Segment Start: TASK MATERIAL

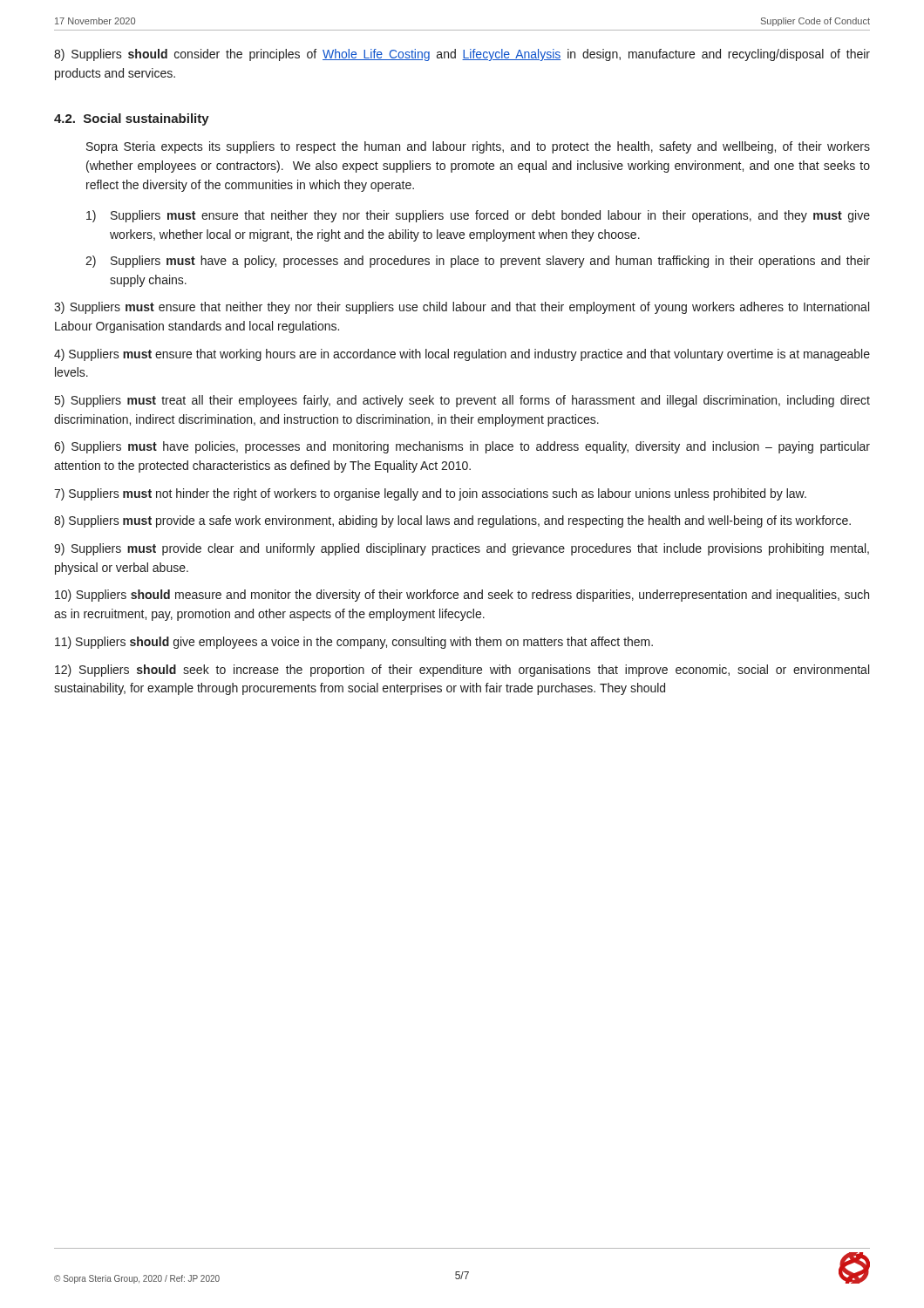This screenshot has height=1308, width=924.
Task: Click the passage that begins "2) Suppliers must have a"
Action: click(478, 271)
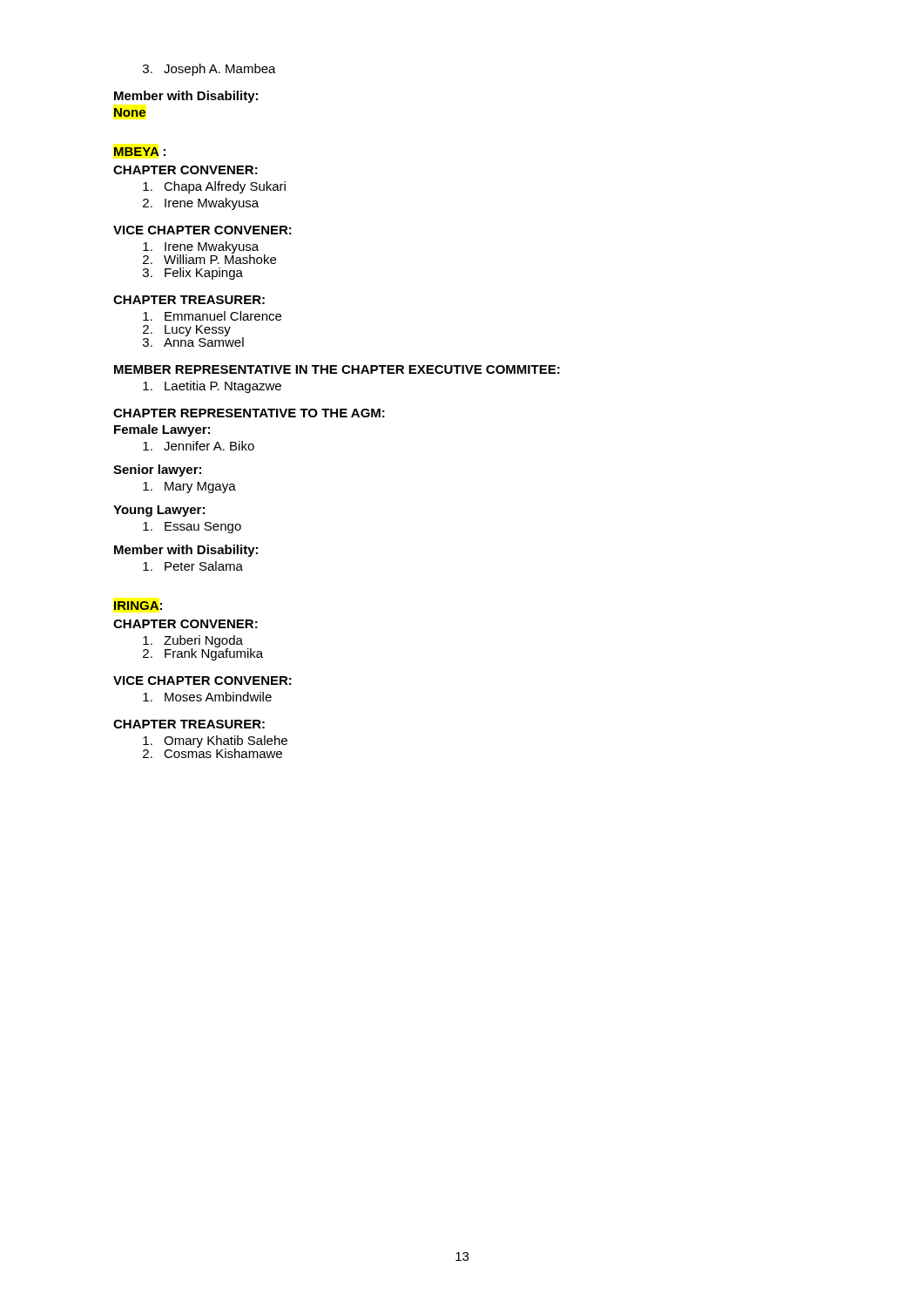Click on the list item that reads "Mary Mgaya"
This screenshot has height=1307, width=924.
pos(189,488)
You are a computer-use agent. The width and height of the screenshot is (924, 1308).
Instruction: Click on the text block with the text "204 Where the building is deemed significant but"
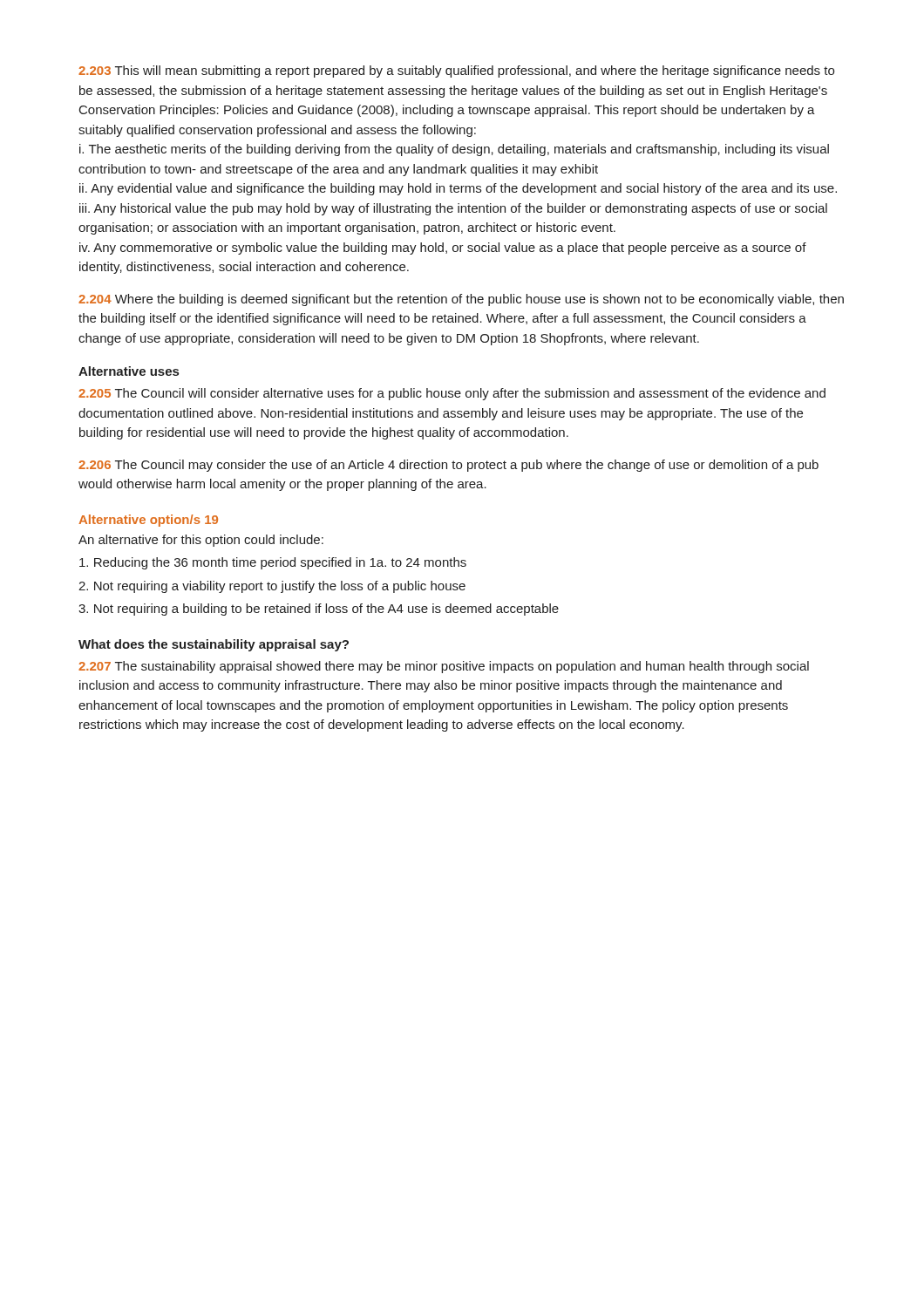462,318
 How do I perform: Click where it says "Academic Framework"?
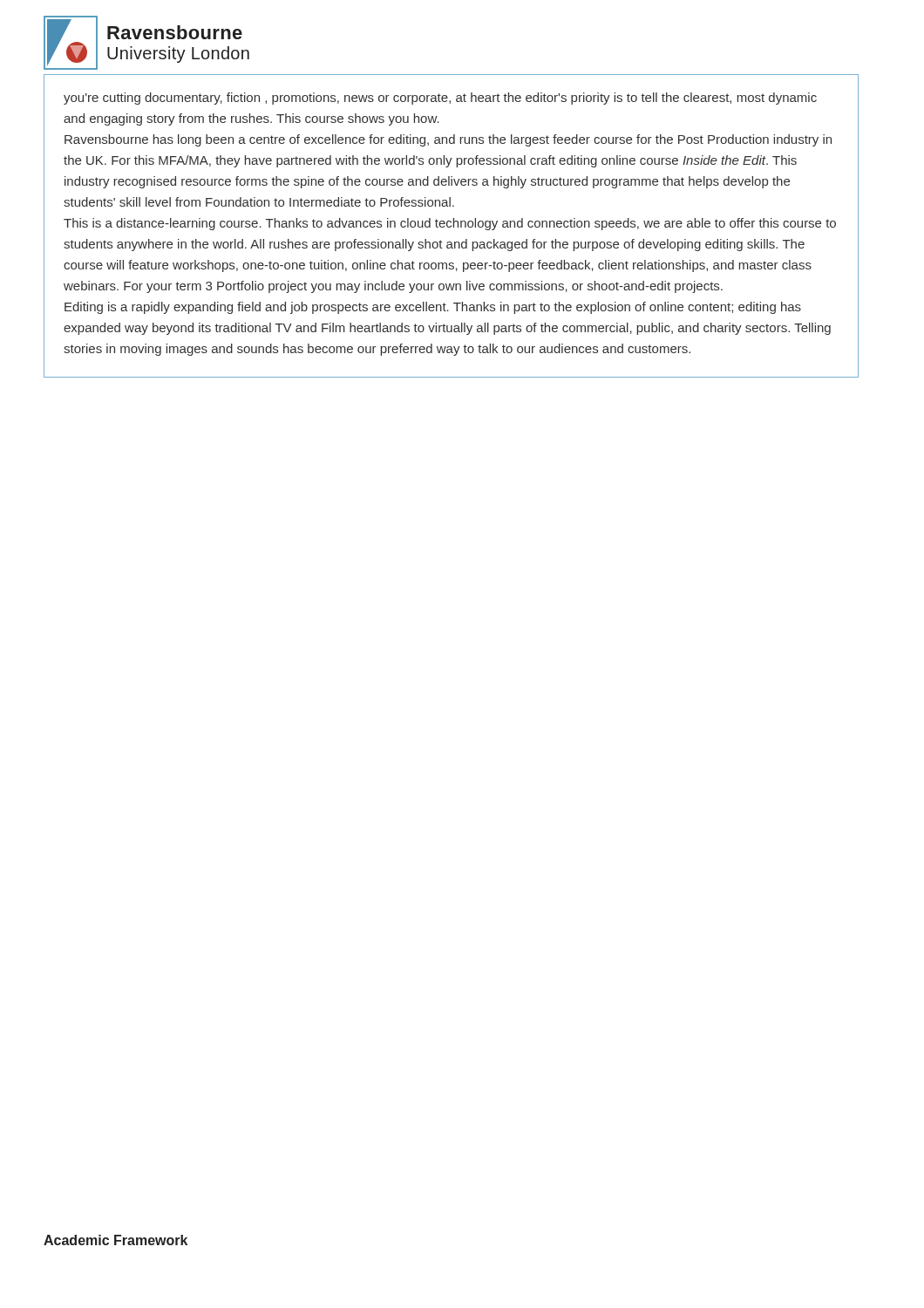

Segment End: TASK MATERIAL

Leave every picture out and copy precisely the lines from the one containing "Instruction: Click on" through the last line of the data above, both ends included.

**SOLUTION BELOW**
Instruction: Click on the text block with the text "204 Where the building is deemed significant but"
462,318
 How do I perform: Click where it says "Academic Framework"?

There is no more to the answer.